Description of the Related Art

A pair of cameras which are uncalibrated may each produce information that is not in context with information produced by the other camera. Camera calibration may be performed by identifying a common point in an overlapping field of view between two cameras. For cameras without an overlapping field of view, specialized equipment such as particularly angled mirrors may be needed for identification of a common point.

SUMMARY

A head mounted device may perform camera calibration for cameras set on a head mounted device which are directed away from each other by using, with proper user permissions, gaze tracking. A head mounted device may use a calibrated pair of cameras to associate movement of a user's eye with a gaze target in an external scene. The external scene may be within a field of view of a camera fixed to the exterior of the head mounted device, and the user's eye may be within a field of view of another camera fixed to the interior of the head mounted display. The head mounted display may have less accurate gaze target identification when using information from an uncalibrated camera pair than when using information from a calibrated camera pair. Cameras may become uncalibrated due to deformation of the head mounted display, for example, the head mounted display may become bent, twisted, or otherwise deformed in such a way that the camera pair has a new rotational configuration relative to each other.

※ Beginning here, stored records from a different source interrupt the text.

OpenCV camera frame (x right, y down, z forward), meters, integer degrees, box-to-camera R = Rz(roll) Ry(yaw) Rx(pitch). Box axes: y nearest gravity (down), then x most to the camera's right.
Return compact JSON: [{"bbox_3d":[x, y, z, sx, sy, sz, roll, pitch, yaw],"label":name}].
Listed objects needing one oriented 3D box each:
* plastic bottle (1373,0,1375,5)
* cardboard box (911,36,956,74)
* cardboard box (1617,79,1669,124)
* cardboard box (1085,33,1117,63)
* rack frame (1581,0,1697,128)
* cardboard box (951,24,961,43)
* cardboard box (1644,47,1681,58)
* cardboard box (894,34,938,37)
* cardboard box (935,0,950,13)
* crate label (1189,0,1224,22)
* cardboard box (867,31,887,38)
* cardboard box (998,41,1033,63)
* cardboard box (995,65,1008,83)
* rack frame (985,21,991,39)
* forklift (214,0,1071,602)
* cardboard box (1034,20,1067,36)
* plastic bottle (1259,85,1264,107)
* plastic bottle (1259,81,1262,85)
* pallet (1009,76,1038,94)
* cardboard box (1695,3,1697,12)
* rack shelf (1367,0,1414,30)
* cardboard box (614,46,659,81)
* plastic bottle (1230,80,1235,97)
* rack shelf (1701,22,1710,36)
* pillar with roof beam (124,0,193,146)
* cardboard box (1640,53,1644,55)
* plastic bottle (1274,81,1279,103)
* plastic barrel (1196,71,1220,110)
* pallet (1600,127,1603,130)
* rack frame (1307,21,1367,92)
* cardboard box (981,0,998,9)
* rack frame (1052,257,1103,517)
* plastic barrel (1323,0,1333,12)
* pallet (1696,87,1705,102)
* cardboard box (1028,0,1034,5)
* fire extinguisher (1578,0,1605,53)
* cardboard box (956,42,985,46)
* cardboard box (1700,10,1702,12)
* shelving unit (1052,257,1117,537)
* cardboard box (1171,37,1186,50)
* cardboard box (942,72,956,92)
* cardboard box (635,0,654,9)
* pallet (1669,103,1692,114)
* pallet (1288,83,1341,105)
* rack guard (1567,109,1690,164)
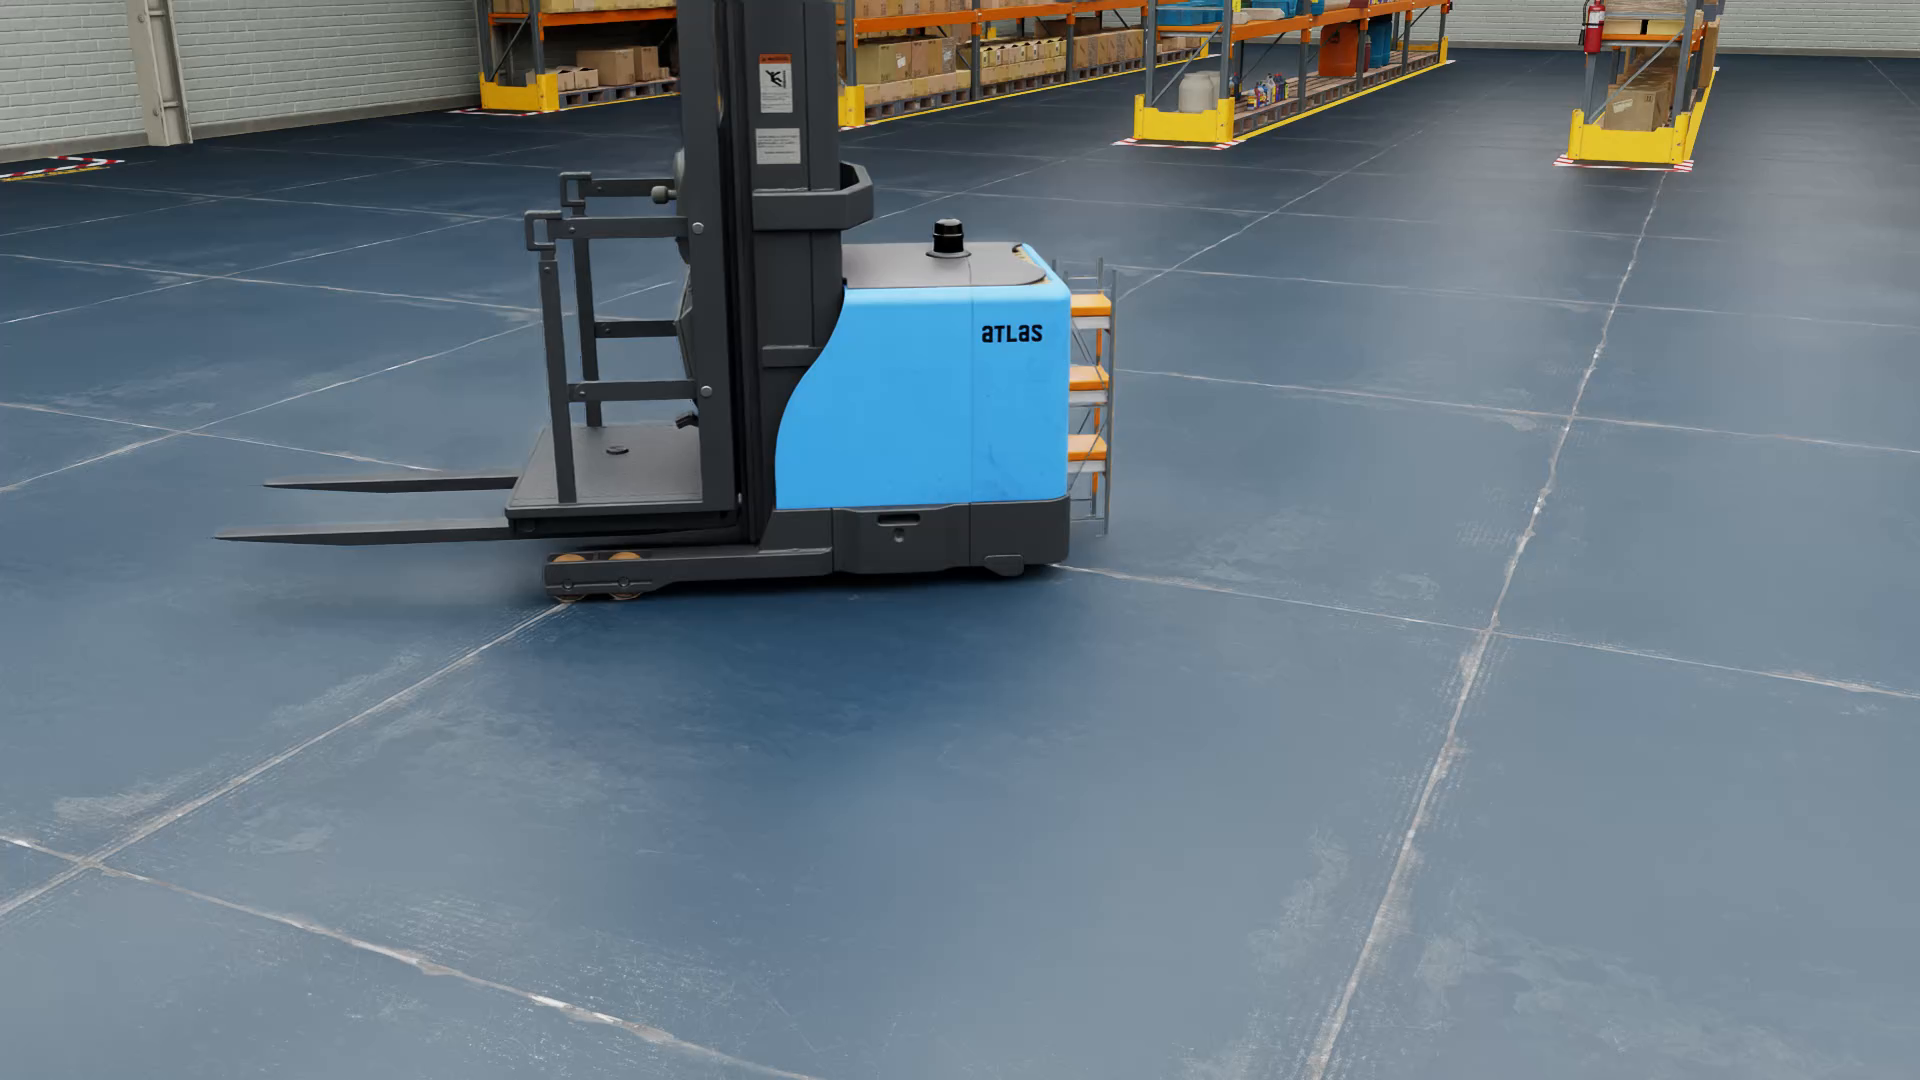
[{"bbox_3d":[6.734,-8.873,27.117,0.061,0.283,0.133,9,21,23],"label":"plastic bottle"},{"bbox_3d":[-0.386,-7.055,24.188,0.500,0.500,0.500,9,21,23],"label":"cardboard box"},{"bbox_3d":[7.976,-5.124,19.504,0.500,0.500,0.500,11,22,28],"label":"cardboard box"},{"bbox_3d":[2.533,-8.948,30.228,0.500,0.500,0.500,8,21,21],"label":"cardboard box"},{"bbox_3d":[7.218,-5.539,17.568,1.000,3.000,0.127,9,21,23],"label":"rack frame"},{"bbox_3d":[-0.392,-10.955,35.900,0.700,0.500,0.500,8,21,21],"label":"cardboard box"},{"bbox_3d":[10.039,-6.995,23.616,0.500,0.250,0.500,11,22,29],"label":"cardboard box"},{"bbox_3d":[-0.655,-7.279,24.818,0.500,0.500,0.500,9,21,23],"label":"cardboard box"},{"bbox_3d":[-0.566,-7.871,23.975,0.700,0.500,0.500,8,21,22],"label":"cardboard box"},{"bbox_3d":[3.207,-6.835,21.159,0.502,0.435,0.616,9,21,23],"label":"crate label"},{"bbox_3d":[-1.934,-9.943,32.532,0.750,0.750,0.750,9,22,24],"label":"cardboard box"},{"bbox_3d":[0.845,-7.851,26.709,0.500,0.311,0.500,9,22,24],"label":"cardboard box"},{"bbox_3d":[0.422,-7.270,25.911,0.500,0.250,0.500,9,22,24],"label":"cardboard box"},{"bbox_3d":[0.213,-12.469,37.054,1.000,3.000,0.127,9,21,23],"label":"rack frame"},{"bbox_3d":[-1.152,-1.348,5.886,3.031,2.935,1.130,-2,20,-6],"label":"forklift"},{"bbox_3d":[1.646,-9.064,29.433,0.500,0.250,0.500,9,22,25],"label":"cardboard box"},{"bbox_3d":[3.908,-5.787,21.681,0.097,0.271,0.097,0,20,0],"label":"plastic bottle"},{"bbox_3d":[4.022,-5.981,22.208,0.061,0.283,0.133,9,21,23],"label":"plastic bottle"},{"bbox_3d":[0.584,-7.413,26.999,1.003,0.211,1.213,9,21,23],"label":"pallet"},{"bbox_3d":[8.266,-6.505,19.691,0.875,0.500,0.500,9,21,23],"label":"cardboard box"},{"bbox_3d":[6.795,-8.937,28.195,1.077,0.370,4.000,9,21,23],"label":"rack shelf"},{"bbox_3d":[-5.089,-7.508,26.177,0.500,0.500,0.500,7,21,19],"label":"cardboard box"},{"bbox_3d":[3.679,-6.113,22.595,0.097,0.271,0.097,0,20,0],"label":"plastic bottle"},{"bbox_3d":[9.675,-7.034,22.846,1.077,0.370,4.000,9,21,23],"label":"rack shelf"},{"bbox_3d":[-5.371,-8.312,16.413,9.100,9.000,0.400,9,21,23],"label":"pillar with roof beam"},{"bbox_3d":[10.238,-6.807,24.206,0.700,0.500,0.500,7,21,20],"label":"cardboard box"},{"bbox_3d":[4.229,-6.018,22.312,0.061,0.283,0.133,10,22,26],"label":"plastic bottle"},{"bbox_3d":[3.105,-5.609,20.851,0.421,0.512,0.421,0,20,0],"label":"plastic barrel"},{"bbox_3d":[7.614,-4.492,18.785,1.003,0.211,1.213,9,21,23],"label":"pallet"},{"bbox_3d":[5.976,-8.664,26.355,1.000,3.000,0.127,9,21,23],"label":"rack frame"},{"bbox_3d":[0.369,-8.247,25.556,0.380,0.149,0.250,9,21,23],"label":"cardboard box"},{"bbox_3d":[0.451,-0.585,6.547,0.200,1.050,0.008,-2,20,-7],"label":"rack frame"},{"bbox_3d":[5.230,-7.992,24.262,0.433,0.535,0.433,0,20,0],"label":"plastic barrel"},{"bbox_3d":[10.886,-6.902,25.560,1.003,0.211,1.213,9,21,23],"label":"pallet"},{"bbox_3d":[0.987,-8.829,27.194,0.380,0.149,0.250,10,22,27],"label":"cardboard box"},{"bbox_3d":[6.751,-5.531,17.660,0.296,0.674,0.183,9,21,23],"label":"fire extinguisher"},{"bbox_3d":[0.138,-7.764,26.464,0.500,0.311,0.500,8,21,23],"label":"cardboard box"},{"bbox_3d":[9.036,-6.537,20.750,0.380,0.149,0.250,9,21,23],"label":"cardboard box"},{"bbox_3d":[0.466,-0.545,6.433,0.215,1.050,0.252,-2,20,-7],"label":"shelving unit"},{"bbox_3d":[4.320,-10.216,34.166,0.500,0.250,0.500,9,21,23],"label":"cardboard box"},{"bbox_3d":[-0.384,-6.701,24.313,0.500,0.250,0.500,9,21,23],"label":"cardboard box"},{"bbox_3d":[-5.022,-8.246,25.373,0.500,0.250,0.500,8,21,22],"label":"cardboard box"},{"bbox_3d":[9.174,-5.686,22.143,1.003,0.211,1.213,9,21,23],"label":"pallet"},{"bbox_3d":[5.122,-6.747,25.126,1.003,0.211,1.213,9,21,23],"label":"pallet"},{"bbox_3d":[7.249,-4.385,18.052,1.175,0.500,0.348,9,21,23],"label":"rack guard"}]

Cameras which are attached to the same object, such as a frame of a head mounted device, in different directions may not have overlapping fields of view while the device is powered on, for example, while a user is wearing the head mounted device. For example, a camera mounted on the exterior of a head mounted device may not have a view of the user's eye while the head mounted device is worn by the user. Similarly, a camera mounted to the interior of the head mounted device may not have a view of an external scene while the head mounted device is being worn by the user.

A calibration system of the head mounted device may use gaze tracking techniques at a time the user is likely to be gazing at a particular target which may be in the field of view of the external camera to determine a gaze vector with an association to a camera vector from the external camera to the gaze target. The calibration system may be able to determine calibration information based on the gaze vector and the camera vector. For example, the calibration system may determine changes in relative rotation between the internal camera to the external camera. Also, in some embodiments, relative position changes due to translation of one of the cameras relative to the other may be determined. For example, a gaze tracking system using calibration information from the calibration system may be able to determine what target, in the field of view of the external camera, the user is gazing at based on a new gaze vector.

BRIEF DESCRIPTION OF THE DRAWINGS

FIG. 1 is a top view of a head mounted display with a world camera and a gaze camera, with a respective camera vector and gaze vector, according to some embodiments.

FIG. 2A is a block diagram of a camera vector in relation to a gaze target, according to some embodiments.

FIG. 2B is a block diagram of a measured gaze vector in relation to a gaze target, according to some embodiments.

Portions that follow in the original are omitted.